*** Recorded information ***

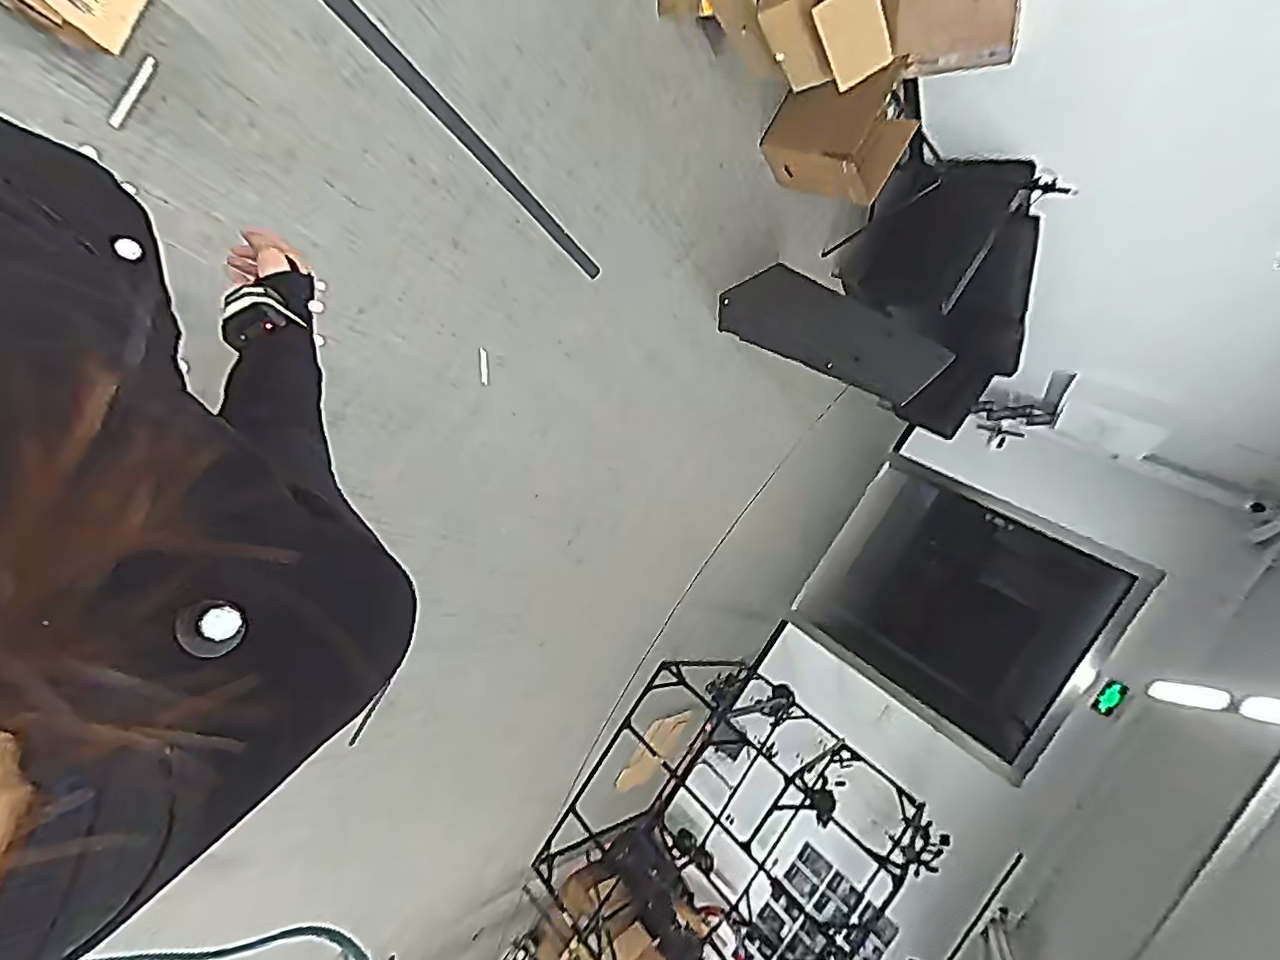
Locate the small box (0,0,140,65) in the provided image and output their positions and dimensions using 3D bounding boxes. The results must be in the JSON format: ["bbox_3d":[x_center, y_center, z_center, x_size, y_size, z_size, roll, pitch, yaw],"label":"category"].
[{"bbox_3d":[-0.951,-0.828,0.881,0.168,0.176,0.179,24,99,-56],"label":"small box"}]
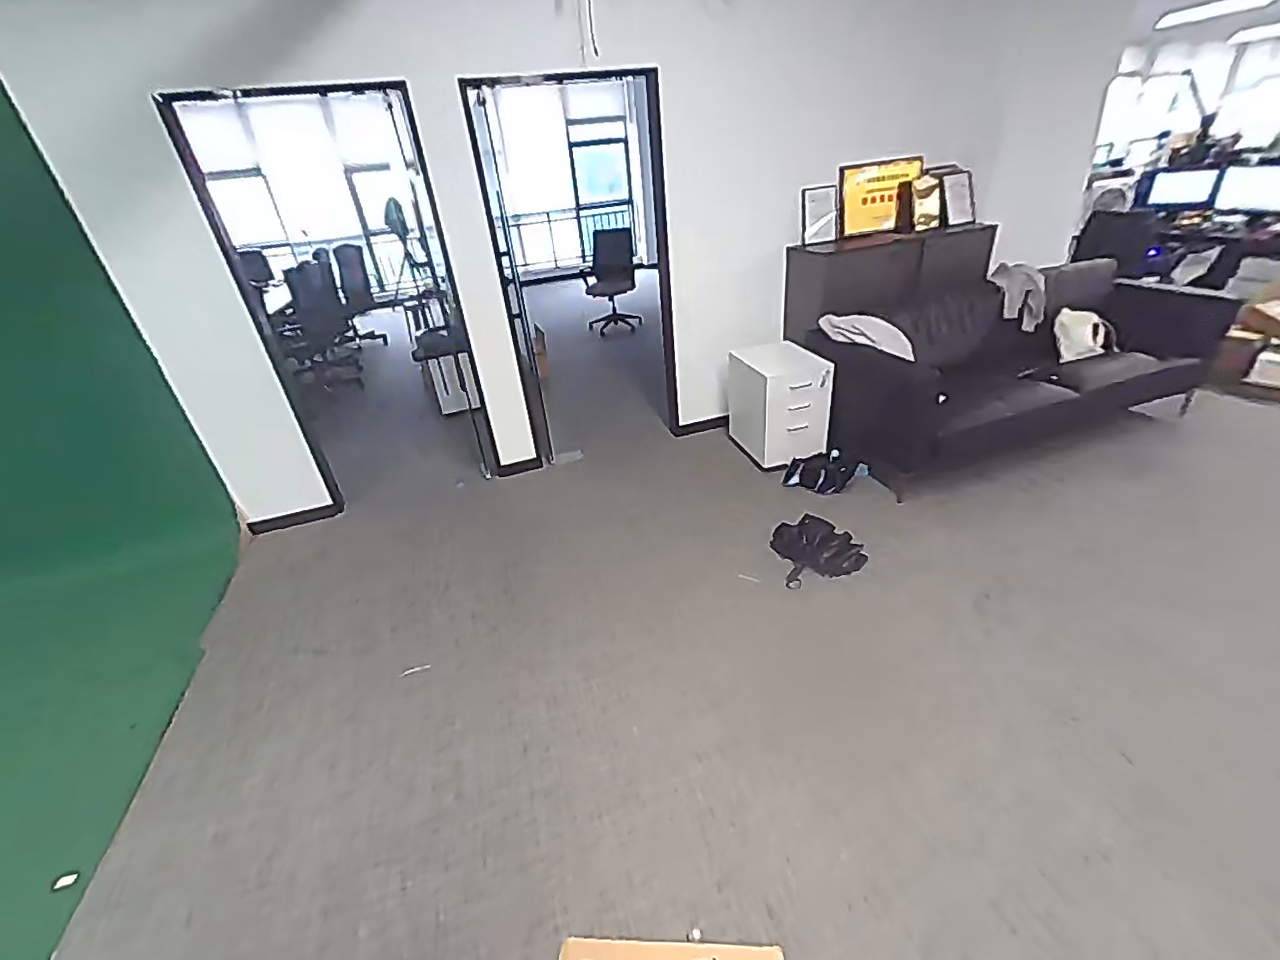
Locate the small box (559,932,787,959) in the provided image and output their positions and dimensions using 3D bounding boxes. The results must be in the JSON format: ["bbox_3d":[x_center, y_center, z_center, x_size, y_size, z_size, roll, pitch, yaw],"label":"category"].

*** End of Recorded information ***

Assignment =>
Strip out the pictures and repeat the listing above exactly.

Response to the exercise =>
Locate the small box (0,0,140,65) in the provided image and output their positions and dimensions using 3D bounding boxes. The results must be in the JSON format: ["bbox_3d":[x_center, y_center, z_center, x_size, y_size, z_size, roll, pitch, yaw],"label":"category"].
[{"bbox_3d":[-0.951,-0.828,0.881,0.168,0.176,0.179,24,99,-56],"label":"small box"}]
Locate the small box (559,932,787,959) in the provided image and output their positions and dimensions using 3D bounding boxes. The results must be in the JSON format: ["bbox_3d":[x_center, y_center, z_center, x_size, y_size, z_size, roll, pitch, yaw],"label":"category"].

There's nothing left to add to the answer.